Currently, one of the most challenging tasks for the scientific community is to identify a novel material that can replace petrochemical products. It is needed for the identification of novel natural fibers that can be used in polymer composites, enabling a better combination of polymers and fiber for a wide range of applications. In this regard, experimental investigations were conducted on Butea monosperma fiber (BMF) to understand its chemical, physical, and thermal properties. The chemical composition of BMF showed a significant cellulose (63.49%), lignin (17.58%), hemicellulose (18.16%), moisture (8.85%), and pectin (4.87%) content and minimum amounts of wax (0.26%) and ash (3.79%). X-ray diffraction XRD analysis showed that the BMF has a good crystallinity index of 79.993% and a crystallite size of 7.40 nm.

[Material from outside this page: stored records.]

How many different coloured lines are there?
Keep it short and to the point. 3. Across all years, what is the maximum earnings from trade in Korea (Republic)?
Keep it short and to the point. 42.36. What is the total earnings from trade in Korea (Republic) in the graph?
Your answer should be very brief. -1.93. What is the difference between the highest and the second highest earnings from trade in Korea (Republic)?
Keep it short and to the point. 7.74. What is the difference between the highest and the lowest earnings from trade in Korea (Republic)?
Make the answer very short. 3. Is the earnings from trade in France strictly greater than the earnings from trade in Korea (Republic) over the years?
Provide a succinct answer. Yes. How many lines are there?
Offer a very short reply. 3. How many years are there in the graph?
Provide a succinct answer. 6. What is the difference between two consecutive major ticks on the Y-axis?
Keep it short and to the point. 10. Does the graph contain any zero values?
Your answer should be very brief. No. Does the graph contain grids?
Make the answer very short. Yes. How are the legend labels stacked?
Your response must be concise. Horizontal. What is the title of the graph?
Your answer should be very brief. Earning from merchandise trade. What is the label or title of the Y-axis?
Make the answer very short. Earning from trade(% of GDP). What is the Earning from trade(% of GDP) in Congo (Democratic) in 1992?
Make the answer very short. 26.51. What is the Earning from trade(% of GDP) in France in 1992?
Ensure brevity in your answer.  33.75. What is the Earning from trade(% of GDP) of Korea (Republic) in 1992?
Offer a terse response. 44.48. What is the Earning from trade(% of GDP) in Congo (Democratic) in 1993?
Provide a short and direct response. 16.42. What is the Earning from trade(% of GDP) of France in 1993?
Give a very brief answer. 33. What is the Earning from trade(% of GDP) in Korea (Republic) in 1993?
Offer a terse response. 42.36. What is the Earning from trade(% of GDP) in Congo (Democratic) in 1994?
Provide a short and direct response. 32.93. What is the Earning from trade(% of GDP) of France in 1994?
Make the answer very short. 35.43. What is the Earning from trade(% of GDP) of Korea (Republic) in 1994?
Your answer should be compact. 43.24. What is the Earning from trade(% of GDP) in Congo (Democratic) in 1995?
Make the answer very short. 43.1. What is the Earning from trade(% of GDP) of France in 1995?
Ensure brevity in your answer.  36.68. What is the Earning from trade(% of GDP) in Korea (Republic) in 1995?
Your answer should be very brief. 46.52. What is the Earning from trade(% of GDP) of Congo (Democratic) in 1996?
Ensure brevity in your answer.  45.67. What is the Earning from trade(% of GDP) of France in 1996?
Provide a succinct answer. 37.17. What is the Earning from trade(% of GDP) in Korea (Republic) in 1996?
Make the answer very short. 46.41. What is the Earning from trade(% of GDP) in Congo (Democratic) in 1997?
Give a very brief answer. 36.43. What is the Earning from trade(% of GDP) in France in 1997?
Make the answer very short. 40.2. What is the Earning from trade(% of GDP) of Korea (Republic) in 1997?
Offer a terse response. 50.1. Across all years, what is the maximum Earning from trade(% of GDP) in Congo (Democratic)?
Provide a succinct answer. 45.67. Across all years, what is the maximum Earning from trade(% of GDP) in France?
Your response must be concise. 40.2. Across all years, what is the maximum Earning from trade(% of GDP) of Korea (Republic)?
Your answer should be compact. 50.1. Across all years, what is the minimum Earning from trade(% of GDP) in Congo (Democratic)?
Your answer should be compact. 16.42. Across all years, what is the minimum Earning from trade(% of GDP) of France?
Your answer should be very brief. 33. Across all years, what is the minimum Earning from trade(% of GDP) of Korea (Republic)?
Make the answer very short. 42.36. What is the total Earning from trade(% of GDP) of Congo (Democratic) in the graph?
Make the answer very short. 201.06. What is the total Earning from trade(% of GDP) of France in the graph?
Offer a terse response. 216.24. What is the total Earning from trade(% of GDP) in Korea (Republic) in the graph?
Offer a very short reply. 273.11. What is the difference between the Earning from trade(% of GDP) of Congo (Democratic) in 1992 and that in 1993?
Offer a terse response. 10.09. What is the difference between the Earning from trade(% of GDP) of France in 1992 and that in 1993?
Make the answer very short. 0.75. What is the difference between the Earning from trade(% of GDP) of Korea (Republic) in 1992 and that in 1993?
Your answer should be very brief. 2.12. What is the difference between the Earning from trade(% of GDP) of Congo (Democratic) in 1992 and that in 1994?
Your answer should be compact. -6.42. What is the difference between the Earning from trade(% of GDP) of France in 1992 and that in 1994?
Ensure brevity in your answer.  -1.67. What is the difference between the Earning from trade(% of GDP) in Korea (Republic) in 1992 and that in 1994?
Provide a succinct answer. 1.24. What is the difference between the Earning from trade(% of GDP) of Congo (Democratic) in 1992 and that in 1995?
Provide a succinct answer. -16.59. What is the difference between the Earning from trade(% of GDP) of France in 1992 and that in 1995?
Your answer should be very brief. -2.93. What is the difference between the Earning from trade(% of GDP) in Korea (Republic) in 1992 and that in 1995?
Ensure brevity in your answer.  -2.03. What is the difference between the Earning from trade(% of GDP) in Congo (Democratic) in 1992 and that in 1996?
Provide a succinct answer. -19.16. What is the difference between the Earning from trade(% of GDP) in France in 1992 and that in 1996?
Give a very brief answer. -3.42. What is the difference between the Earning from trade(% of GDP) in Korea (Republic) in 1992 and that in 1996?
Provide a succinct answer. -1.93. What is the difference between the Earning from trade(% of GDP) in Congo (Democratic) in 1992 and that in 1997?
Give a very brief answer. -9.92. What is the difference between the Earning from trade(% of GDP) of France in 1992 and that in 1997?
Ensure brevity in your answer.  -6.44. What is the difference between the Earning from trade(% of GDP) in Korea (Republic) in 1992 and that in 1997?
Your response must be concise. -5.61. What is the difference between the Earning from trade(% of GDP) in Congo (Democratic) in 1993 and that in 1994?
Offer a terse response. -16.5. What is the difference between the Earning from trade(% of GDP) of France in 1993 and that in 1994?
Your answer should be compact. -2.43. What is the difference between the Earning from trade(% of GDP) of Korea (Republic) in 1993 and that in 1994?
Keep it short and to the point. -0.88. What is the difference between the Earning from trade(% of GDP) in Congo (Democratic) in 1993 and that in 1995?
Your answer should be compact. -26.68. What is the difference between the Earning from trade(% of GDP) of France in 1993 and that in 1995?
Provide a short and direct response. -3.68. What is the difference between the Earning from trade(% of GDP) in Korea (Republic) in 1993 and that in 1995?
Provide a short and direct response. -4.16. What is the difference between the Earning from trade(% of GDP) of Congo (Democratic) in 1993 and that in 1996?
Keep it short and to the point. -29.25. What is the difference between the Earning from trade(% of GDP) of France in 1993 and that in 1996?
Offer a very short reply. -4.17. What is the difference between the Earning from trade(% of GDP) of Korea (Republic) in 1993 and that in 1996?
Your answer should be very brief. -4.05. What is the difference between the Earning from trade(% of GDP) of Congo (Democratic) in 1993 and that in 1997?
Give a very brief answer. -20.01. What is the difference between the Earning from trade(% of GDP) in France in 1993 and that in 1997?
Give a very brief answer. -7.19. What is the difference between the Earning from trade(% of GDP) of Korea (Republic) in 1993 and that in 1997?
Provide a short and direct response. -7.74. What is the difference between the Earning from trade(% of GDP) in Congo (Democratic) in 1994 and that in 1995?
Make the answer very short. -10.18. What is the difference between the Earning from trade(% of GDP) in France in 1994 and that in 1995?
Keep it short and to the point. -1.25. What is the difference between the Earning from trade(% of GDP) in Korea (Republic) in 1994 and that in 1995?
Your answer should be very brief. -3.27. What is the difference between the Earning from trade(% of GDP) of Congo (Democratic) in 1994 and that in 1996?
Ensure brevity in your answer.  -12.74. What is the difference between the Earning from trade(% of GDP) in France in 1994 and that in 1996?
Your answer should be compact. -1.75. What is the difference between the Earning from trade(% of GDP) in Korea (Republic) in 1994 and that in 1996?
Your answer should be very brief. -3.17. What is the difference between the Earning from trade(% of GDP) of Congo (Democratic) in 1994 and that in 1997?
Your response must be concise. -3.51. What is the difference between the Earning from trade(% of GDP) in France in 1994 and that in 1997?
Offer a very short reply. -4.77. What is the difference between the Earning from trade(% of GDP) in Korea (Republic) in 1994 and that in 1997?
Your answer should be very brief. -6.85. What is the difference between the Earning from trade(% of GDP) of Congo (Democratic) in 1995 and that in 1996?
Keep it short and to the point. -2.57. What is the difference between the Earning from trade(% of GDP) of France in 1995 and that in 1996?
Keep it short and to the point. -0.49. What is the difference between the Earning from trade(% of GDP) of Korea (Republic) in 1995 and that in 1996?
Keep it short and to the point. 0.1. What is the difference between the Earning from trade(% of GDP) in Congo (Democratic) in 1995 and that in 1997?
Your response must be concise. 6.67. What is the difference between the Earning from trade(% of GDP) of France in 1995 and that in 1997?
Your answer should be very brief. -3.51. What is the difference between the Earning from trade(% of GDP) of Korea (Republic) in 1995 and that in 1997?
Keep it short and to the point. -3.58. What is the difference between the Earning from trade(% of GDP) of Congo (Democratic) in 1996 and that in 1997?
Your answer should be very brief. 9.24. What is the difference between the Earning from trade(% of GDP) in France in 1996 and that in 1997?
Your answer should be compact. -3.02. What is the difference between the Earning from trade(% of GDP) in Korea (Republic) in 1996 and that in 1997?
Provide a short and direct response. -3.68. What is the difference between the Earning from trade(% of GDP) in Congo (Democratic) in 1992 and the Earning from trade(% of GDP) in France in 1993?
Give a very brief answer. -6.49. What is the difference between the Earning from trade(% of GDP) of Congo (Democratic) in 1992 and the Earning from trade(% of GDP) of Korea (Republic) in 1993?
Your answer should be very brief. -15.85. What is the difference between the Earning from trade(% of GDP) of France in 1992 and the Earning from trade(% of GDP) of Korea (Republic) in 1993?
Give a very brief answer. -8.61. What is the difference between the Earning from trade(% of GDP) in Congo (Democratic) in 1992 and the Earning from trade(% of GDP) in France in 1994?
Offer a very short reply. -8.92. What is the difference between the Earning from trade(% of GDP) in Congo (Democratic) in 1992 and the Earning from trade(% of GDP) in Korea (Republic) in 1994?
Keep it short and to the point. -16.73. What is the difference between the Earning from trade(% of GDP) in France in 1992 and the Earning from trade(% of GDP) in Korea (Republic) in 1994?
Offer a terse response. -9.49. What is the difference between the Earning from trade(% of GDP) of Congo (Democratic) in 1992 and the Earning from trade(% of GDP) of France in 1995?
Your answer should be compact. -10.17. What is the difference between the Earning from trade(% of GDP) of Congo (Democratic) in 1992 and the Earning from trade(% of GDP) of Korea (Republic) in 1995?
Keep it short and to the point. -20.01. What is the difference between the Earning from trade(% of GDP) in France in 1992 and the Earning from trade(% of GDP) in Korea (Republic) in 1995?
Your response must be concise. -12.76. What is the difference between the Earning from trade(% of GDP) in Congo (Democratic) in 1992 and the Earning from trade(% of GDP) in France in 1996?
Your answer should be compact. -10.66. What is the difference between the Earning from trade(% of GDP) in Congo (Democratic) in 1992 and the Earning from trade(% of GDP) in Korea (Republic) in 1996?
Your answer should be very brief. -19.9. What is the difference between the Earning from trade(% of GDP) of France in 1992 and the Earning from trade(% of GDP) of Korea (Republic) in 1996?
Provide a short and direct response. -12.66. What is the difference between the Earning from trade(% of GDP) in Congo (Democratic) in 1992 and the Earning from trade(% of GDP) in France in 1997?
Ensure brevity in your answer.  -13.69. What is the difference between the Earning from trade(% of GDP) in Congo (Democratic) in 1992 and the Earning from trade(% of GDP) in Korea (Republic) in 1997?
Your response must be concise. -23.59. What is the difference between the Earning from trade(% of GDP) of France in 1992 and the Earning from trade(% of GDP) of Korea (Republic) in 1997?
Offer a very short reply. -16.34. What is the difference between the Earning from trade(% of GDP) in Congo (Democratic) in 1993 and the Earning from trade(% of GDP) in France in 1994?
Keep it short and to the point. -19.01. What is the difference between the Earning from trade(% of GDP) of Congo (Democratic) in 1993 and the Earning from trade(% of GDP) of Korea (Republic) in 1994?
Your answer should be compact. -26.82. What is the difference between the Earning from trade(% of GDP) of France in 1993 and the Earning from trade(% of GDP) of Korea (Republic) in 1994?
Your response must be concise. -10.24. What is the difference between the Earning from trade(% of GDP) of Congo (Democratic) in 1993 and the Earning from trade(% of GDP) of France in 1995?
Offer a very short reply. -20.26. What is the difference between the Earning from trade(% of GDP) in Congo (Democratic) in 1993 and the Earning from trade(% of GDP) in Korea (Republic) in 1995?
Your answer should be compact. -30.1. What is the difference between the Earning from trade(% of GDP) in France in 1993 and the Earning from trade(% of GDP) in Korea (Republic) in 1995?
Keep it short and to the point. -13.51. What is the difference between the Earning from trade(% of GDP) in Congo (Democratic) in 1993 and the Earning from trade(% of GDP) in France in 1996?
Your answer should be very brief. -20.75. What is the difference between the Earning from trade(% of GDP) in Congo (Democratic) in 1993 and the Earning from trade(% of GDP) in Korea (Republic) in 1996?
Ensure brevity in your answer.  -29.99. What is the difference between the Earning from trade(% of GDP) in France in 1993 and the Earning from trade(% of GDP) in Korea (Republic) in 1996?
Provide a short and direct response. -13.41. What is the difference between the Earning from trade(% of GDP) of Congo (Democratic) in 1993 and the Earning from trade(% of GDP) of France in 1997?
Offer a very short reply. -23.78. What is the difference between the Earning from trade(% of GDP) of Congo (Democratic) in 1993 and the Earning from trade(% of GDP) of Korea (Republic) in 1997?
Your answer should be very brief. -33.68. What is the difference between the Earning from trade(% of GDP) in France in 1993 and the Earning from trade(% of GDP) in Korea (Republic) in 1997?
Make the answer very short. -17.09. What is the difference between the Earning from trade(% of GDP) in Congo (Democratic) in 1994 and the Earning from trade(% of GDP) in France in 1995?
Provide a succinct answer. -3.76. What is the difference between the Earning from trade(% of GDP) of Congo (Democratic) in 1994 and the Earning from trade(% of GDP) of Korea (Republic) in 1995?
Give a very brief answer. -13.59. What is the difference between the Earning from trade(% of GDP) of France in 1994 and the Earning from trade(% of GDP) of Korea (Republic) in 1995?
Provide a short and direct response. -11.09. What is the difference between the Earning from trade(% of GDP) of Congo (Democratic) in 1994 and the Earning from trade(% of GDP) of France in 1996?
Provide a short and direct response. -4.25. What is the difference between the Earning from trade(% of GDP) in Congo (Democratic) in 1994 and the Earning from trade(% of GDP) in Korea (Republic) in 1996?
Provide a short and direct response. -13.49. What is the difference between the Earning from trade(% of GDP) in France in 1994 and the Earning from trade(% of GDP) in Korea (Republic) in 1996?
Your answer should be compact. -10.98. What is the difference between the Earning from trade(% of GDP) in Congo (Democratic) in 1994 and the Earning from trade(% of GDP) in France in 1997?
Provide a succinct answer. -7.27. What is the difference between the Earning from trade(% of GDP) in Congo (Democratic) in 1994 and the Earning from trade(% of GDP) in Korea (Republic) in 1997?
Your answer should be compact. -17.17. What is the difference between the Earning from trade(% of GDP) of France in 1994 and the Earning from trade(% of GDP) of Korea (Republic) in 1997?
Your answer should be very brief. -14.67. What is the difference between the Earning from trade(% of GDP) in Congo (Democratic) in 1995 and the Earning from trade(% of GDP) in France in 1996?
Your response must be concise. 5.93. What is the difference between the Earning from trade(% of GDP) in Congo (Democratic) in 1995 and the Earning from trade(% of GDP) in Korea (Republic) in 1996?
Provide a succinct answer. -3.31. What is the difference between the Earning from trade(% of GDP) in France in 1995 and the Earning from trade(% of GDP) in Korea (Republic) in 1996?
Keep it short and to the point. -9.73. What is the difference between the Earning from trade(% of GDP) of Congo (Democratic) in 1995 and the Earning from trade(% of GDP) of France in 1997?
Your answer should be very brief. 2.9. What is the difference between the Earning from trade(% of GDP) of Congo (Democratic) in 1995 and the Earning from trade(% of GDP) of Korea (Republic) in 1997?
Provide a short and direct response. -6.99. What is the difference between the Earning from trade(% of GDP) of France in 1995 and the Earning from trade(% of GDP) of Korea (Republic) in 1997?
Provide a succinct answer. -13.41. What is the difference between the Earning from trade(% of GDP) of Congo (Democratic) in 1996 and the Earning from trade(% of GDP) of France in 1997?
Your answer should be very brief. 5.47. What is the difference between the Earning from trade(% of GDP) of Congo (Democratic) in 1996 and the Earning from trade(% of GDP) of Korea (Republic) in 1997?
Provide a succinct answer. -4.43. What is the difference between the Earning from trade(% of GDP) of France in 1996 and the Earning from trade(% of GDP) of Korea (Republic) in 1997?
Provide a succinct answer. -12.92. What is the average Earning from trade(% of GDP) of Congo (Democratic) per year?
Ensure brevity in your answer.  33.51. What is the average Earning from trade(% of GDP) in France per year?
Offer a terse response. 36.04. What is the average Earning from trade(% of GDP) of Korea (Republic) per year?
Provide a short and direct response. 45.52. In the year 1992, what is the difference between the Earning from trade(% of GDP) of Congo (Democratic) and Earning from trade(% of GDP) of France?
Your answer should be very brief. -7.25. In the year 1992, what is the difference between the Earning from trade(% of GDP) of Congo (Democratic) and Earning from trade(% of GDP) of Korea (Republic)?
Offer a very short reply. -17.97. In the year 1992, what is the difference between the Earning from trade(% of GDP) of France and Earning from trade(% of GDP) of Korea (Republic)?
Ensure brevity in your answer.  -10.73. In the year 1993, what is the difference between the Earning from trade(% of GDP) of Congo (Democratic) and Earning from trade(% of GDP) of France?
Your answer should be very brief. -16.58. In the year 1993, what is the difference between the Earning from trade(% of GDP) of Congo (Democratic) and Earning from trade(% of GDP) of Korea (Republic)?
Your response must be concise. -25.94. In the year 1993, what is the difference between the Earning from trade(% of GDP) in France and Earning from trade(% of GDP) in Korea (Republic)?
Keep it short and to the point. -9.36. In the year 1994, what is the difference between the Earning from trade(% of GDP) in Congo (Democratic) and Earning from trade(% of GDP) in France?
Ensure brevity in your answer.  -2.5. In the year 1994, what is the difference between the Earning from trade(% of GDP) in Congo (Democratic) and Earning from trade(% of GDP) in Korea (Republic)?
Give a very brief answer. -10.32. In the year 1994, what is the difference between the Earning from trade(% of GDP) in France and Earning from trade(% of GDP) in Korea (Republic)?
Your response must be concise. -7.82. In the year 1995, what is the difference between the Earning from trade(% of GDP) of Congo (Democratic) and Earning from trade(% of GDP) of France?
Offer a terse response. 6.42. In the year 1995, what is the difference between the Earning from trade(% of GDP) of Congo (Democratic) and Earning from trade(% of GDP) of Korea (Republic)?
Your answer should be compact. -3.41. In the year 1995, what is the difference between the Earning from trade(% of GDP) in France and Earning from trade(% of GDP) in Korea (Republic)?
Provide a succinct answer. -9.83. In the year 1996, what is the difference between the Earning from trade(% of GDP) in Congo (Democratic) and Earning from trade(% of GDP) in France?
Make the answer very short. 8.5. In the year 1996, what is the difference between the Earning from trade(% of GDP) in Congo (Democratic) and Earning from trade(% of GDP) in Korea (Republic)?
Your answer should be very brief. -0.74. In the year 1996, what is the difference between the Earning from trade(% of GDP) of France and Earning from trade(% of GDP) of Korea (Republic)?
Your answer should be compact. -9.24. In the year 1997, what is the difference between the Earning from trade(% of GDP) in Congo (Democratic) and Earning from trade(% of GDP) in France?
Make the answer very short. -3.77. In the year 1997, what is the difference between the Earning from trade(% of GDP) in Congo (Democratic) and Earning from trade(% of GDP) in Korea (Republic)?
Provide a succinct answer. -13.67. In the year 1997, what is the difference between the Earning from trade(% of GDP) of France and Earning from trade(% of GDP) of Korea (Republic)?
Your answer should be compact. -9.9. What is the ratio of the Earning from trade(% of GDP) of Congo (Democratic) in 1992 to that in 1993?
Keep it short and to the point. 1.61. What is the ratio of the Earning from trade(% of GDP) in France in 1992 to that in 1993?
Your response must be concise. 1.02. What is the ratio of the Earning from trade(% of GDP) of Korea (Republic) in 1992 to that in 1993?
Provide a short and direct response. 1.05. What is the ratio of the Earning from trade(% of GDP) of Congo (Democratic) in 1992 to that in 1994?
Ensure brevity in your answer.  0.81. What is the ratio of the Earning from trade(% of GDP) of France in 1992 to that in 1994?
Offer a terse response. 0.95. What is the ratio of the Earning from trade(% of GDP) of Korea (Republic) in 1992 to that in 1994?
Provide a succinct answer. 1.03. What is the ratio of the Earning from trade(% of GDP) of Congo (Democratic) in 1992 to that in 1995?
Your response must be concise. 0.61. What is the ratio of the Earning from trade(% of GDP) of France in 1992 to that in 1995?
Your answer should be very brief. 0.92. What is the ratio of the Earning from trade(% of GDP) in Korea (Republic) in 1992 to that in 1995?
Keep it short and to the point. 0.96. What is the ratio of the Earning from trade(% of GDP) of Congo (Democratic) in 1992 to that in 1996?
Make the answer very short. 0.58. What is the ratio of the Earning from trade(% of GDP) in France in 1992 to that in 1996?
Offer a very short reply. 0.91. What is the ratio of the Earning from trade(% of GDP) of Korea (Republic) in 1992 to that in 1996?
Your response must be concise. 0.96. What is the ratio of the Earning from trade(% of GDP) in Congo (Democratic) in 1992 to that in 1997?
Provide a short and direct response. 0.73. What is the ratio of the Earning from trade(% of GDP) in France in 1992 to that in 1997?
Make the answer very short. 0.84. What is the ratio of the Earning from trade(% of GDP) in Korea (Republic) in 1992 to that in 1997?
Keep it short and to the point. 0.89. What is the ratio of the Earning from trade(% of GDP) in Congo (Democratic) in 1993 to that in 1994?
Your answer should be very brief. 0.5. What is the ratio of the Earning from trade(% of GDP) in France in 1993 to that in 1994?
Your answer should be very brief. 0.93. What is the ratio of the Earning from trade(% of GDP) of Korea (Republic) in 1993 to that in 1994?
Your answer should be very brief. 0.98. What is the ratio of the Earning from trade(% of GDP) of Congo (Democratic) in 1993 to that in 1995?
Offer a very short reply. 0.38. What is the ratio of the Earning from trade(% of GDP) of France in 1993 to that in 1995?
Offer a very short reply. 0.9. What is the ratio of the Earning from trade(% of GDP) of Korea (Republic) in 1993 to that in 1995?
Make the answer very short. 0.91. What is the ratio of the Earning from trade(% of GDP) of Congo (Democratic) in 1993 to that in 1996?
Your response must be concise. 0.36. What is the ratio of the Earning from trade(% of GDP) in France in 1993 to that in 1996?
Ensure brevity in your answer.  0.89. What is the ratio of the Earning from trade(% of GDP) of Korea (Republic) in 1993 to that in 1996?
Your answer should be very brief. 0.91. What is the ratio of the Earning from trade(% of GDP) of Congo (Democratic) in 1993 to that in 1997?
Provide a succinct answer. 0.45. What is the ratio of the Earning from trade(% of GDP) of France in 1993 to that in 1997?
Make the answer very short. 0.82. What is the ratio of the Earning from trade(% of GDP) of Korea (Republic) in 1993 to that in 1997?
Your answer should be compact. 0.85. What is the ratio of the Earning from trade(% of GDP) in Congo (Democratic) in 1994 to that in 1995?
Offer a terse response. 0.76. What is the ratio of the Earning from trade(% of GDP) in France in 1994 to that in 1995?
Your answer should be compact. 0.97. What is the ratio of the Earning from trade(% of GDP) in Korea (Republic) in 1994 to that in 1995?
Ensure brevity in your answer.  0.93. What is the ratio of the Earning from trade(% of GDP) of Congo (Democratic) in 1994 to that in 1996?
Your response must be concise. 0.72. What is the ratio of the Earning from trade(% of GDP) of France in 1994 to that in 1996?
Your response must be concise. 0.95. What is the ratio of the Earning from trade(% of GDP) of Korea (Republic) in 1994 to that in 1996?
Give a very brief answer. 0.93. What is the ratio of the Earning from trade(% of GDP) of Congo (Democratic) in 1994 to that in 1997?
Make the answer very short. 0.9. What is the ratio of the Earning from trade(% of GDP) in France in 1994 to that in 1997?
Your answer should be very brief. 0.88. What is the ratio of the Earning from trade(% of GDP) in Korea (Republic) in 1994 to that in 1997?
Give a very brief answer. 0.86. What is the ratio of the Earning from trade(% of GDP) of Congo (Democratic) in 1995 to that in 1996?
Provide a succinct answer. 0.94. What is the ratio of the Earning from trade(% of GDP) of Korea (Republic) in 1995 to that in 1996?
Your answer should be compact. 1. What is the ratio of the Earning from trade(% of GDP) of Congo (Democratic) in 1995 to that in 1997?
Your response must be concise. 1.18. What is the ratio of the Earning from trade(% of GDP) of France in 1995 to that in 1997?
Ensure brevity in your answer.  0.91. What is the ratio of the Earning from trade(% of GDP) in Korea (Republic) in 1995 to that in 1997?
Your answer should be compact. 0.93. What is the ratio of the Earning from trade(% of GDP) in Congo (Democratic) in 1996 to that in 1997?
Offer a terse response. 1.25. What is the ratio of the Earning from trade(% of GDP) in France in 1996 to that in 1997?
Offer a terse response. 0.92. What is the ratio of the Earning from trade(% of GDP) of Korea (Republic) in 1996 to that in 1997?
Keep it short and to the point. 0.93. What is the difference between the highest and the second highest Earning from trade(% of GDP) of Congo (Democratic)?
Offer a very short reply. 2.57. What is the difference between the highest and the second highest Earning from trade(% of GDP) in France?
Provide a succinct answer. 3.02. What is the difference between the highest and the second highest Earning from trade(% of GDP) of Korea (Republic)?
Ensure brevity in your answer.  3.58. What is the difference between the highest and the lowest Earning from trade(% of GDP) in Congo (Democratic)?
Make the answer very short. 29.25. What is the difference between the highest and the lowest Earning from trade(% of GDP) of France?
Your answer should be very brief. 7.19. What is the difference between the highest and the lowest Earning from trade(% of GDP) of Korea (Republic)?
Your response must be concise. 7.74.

The surface morphology, roughness, and elemental composition of the BMF were measured using scanning electron microscopy, atomic force microscopy, and energy-dispersive spectroscopy. Thermal properties of BMF were measured by thermogravimetric analysis and differential scanning calorimetry. The results showed thermal stability up to 296.14 degrees C and a degradation temperature of 365 degrees C, which makes it suitable for polymer composite fabrication. The chemical functional groups present in the BMF were identified using Fourier transform infrared analysis. The density of the BMF was 370 kg/m(3), which was lower than that of existing fibers and showed good tensile properties. Compared with other recent scientific studies, the results showed that BM is best fit for reinforcement in natural fiber polymer composite materials and biocomposites.